Caine wounds John in each exchange. At ten paces, John takes Caine's bullet — and does not fire back. Under the rules he retains his shot. The Marquis, smelling a kill, exercises his right to deliver the coup de grâce personally, takes Caine's pistol, and steps in front of a man who still holds a loaded gun. John fires his withheld shot point-blank. Duel won; all obligations met; the Ruska Roma, Winston and the Bowery King are released from judgment.
Then the quiet part: John, bleeding out on the steps, says his wife's name and slumps. The film cuts to Winston and the Bowery King at a gravestone reading John Wick — Loving Husband. Whether that stone is telling the truth is the franchise's most argued question — the complete evidence file lives at is John Wick dead?
>The guns of Chapter 4
The Pit Viper was built for the film by Taran Tactical, continuing the franchise tradition of bespoke competition guns, and the Gen-12's incendiary rounds exist so the overhead raid could read clearly from a top-down camera — fire shows up where muzzle flash wouldn't. Full armoury breakdowns for all four films are on the guns page.
>Frequently Asked Questions
▸How does John Wick: Chapter 4 end?
John defeats the Marquis de Gramont in a sunrise pistol duel at the Sacré-Cœur. He withholds his final shot, the Marquis steps in to deliver the killing blow himself, and John uses his unspent shot to kill him at point-blank range. Mortally wounded, John dies on the steps — apparently — freeing the Ruska Roma and the Bowery King from the High Table’s judgment.
▸Does John Wick die in Chapter 4?
The film shows John succumbing to his duel wounds and ends on a gravestone reading "John Wick — Loving Husband." But the death happens off-screen, director Chad Stahelski has called it deliberately ambiguous, and John Wick: Chapter 5 is officially in development.

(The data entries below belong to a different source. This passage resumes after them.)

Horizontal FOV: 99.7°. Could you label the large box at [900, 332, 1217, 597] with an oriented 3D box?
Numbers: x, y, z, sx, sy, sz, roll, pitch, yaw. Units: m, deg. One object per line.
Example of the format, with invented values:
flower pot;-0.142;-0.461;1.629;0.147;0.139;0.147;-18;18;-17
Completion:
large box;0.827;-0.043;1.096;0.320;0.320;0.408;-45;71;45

▸Who is the villain in John Wick: Chapter 4?
The Marquis Vincent de Gramont, played by Bill Skarsgård — a High Table aristocrat granted unlimited resources to erase John Wick and everything he touches, starting with the New York Continental.
▸What guns does John Wick use in Chapter 4?
His primary sidearm is the TTI Pit Viper, a custom 9mm 2011-style pistol built by Taran Tactical. The dragon’s-breath shotgun in the overhead Paris sequence is a Genesis Arms Gen-12 firing incendiary rounds, and the duel is fought with single-shot percussion dueling pistols.
▸How many people does John Wick kill in Chapter 4?
Around 140 — the highest single-film tally in the series — bringing his on-screen franchise total to roughly 440 confirmed kills.